Viola (Daisy Ridley) and Todd are on the run through the woods.

This is not least because the good versus evil fight between the two young people and the strong Mads Mikkelsen (“The Rush”) led villagers never reached its greatest possible intensity. The narrative pattern becomes redundant over time: the film follows Todd and Viola, after a few minutes we see that the men are hot on their heels, there is a brief encounter in which the inclusion of noise finally really comes into its own and after a successful escape, this process is repeated until the finale. Unfortunately, the confrontations remain too rare overall to explore all the (evil) possibilities of the noise. So it happens that “Chaos Walking” could even do without one (or at times even two) classic villains. The mystery surrounding the disappearance of the women from New World is not nearly as surprising as it is portrayed in the film; Even the novel doesn’t prepare the resolution like that twistlike before how it sells the screen version. Nevertheless, the reason for this changed direction is obvious: in the course of the film adaptation, the original “The Knife of Never Legging Go” was boiled down, which prevents the gradual scattering of clues about the actual reason for the women’s disappearance. What is convincing, on the other hand, is the justification itself, which allows the potential that “Chaos Walking” sometimes even has as a socially critical commentary to shine through.

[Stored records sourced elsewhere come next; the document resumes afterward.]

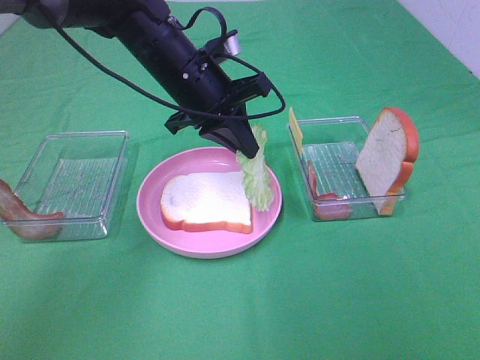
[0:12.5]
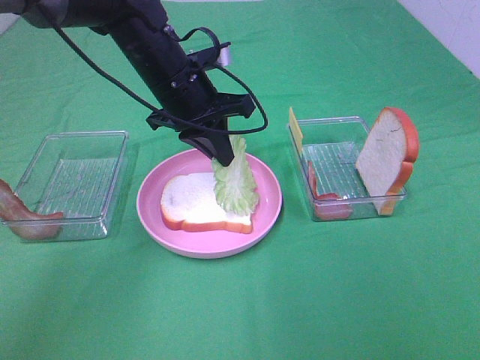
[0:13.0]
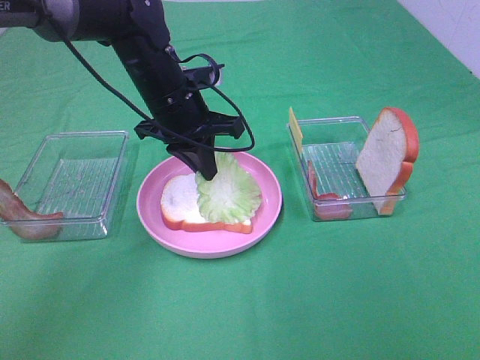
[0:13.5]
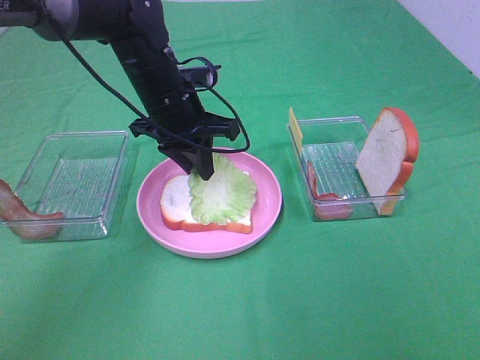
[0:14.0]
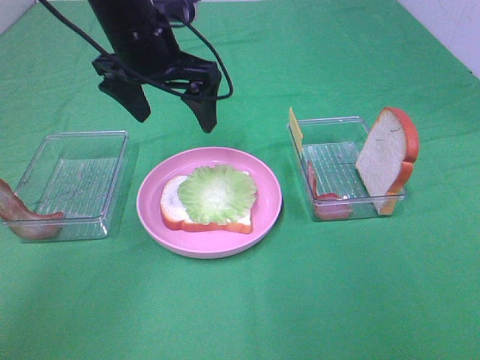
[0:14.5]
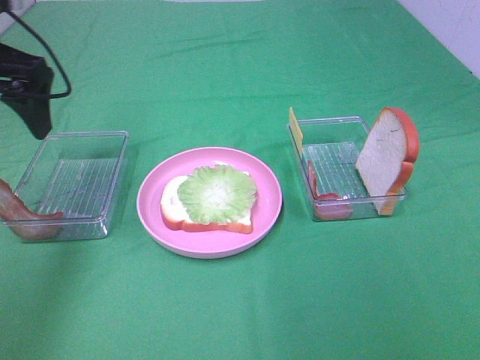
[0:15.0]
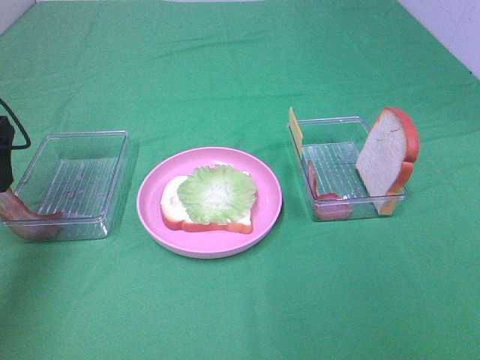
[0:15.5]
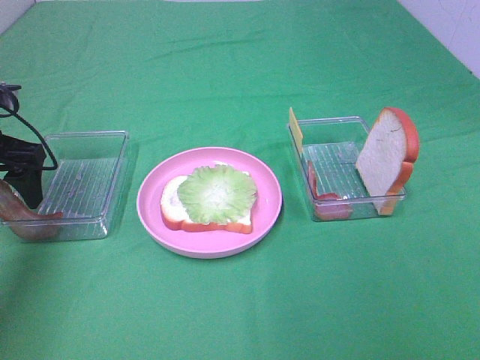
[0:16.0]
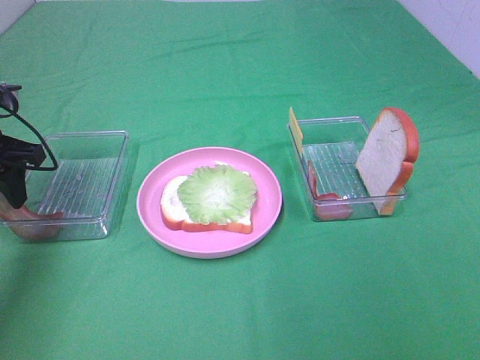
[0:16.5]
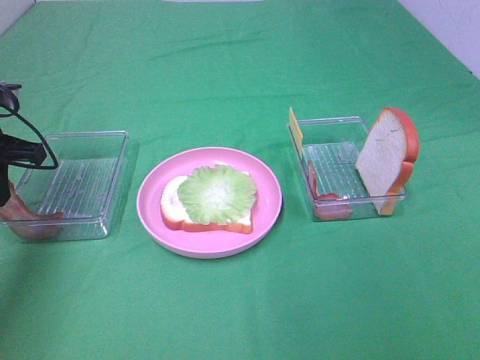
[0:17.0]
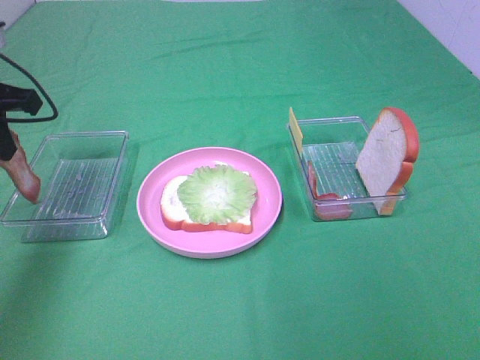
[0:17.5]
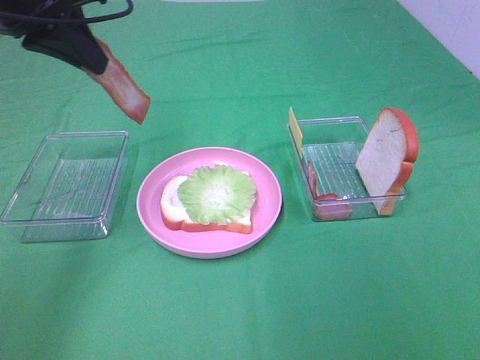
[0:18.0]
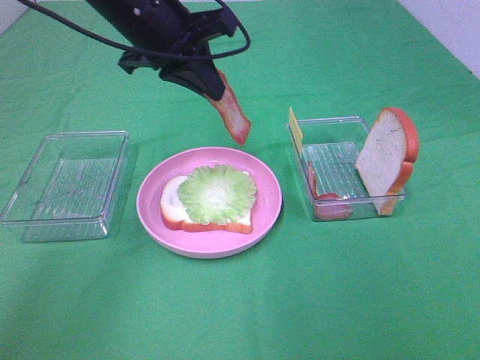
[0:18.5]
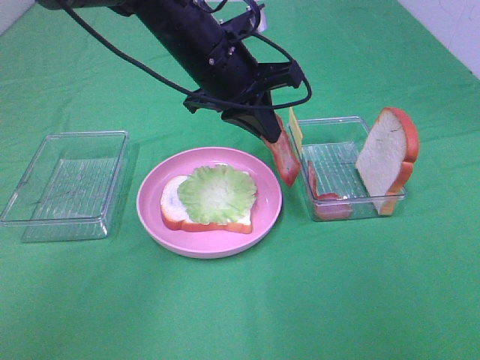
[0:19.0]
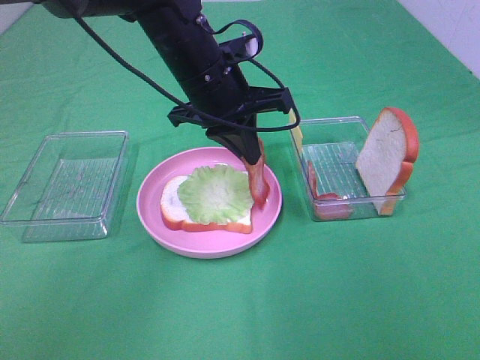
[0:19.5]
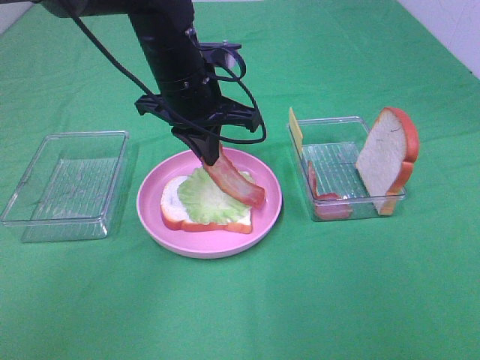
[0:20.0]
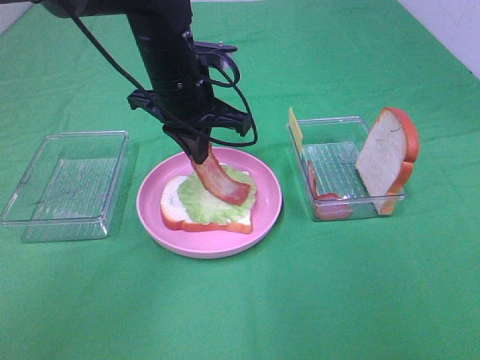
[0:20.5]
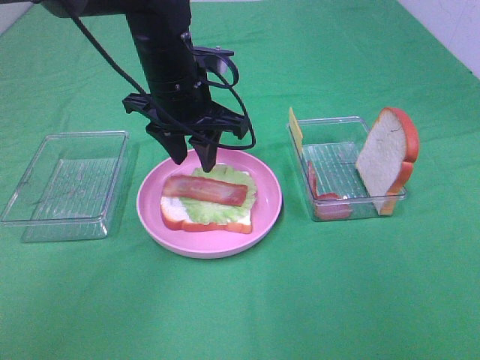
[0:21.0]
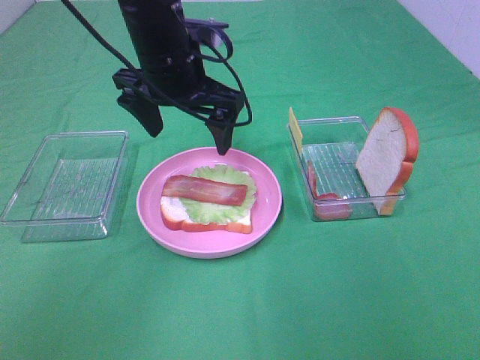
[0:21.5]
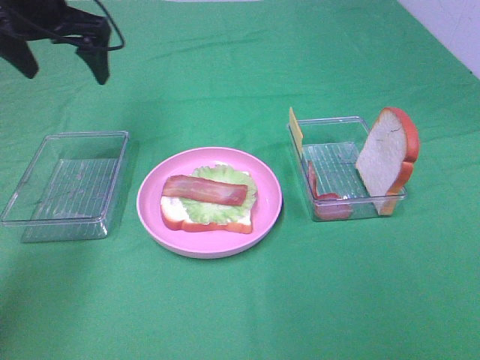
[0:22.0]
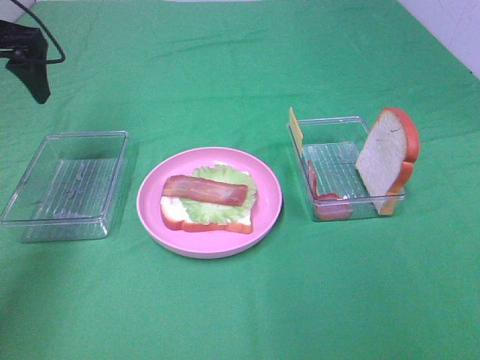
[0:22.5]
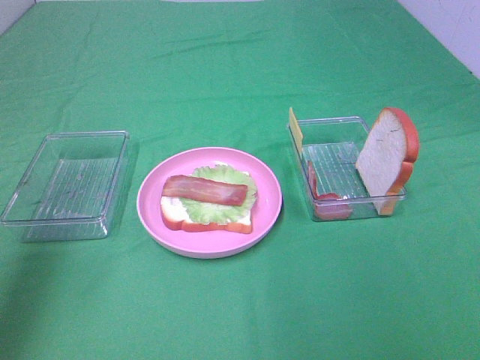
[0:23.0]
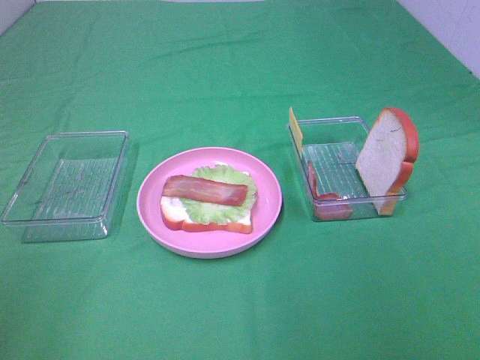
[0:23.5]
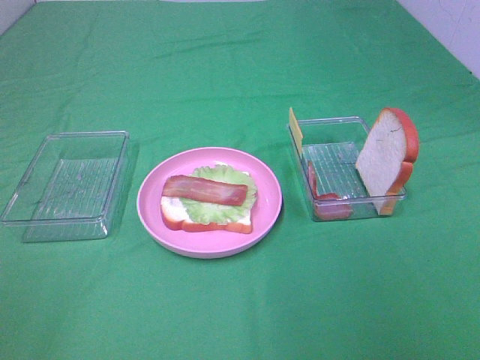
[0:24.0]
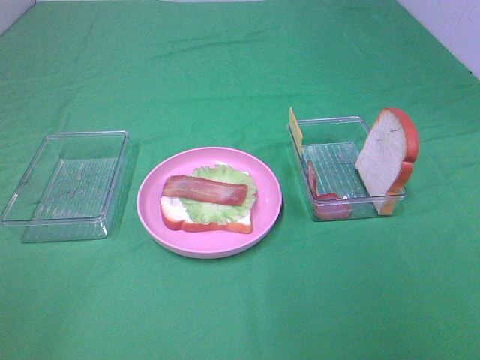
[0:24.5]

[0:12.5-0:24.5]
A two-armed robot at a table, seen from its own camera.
Task of the whole recording: Make sandwiches.
Step, 0:14.5 to 0:17.0: Left hand:grab the bacon.
Step, 0:17.5 to 0:21.0: Left hand:place bacon on lettuce slice.
0:12.5 to 0:14.5: The left gripper moves upward, approximately 5 cm, and opens.
0:14.5 to 0:16.5: The left gripper moves to the left and downward, roughly 20 cm, and closes.
0:16.5 to 0:18.5: The left gripper is displaced to the right and upward by some 25 cm, and closes.
0:18.5 to 0:20.5: The left gripper goes about 5 cm downward.
0:20.5 to 0:22.5: The left gripper goes about 25 cm to the left, and opens its fingers.
0:22.5 to 0:24.5: The left gripper moves backward, some 40 cm.

It’s a shame that Doug Liman and Co. don’t know how to exploit this added value either.

“In the course of the film adaptation, the original “The Knife of Never Legging Go” was boiled down, which prevented the gradual scattering of clues about the actual reason for the women’s disappearance.”

Meanwhile, “Chaos Walking” is supported not only by the fascinating, minimalist world building, but also by the lead duo. Tom Holland (“Spider-Man: Far from Home”) portrays the young man, whose sincerity seems out of place in this hostile world, with a mixture of uncertainty and hope as he believes he has found a silver lining in Viola. Daisy Ridley (“Star Wars – The Rise of Skywalker”) is the exact opposite in comparison. She is tough, doesn’t let her insecurity show in this strange world and never fulfills the cliche character Damsel in distress, but can defend itself only too well against attackers. The two of them give “Chaos Walking” its heart and soul and also ensure that you definitely want to see more of them – as well as of the world. Even if the intrusive cliffhanger, the resolution of which is hardly to be expected given the film’s lack of success, almost makes you feel guilty about having once again fallen for this script trick that deliberately arouses curiosity.

Conclusion: The difficult production conditions are not noticeable in Doug Liman’s latest directorial work. Even if his adaptation of the dystopian novel “Chaos Walking” feels like it comes a little too late, as the young adult hype has long since died down and the cliffhanger therefore seems unwise, the sci-fi adventure impresses with a strong duo of lead actors , a fascinating world and a nasty villain.

“Chaos Walking” can be seen in USA cinemas from June 17th.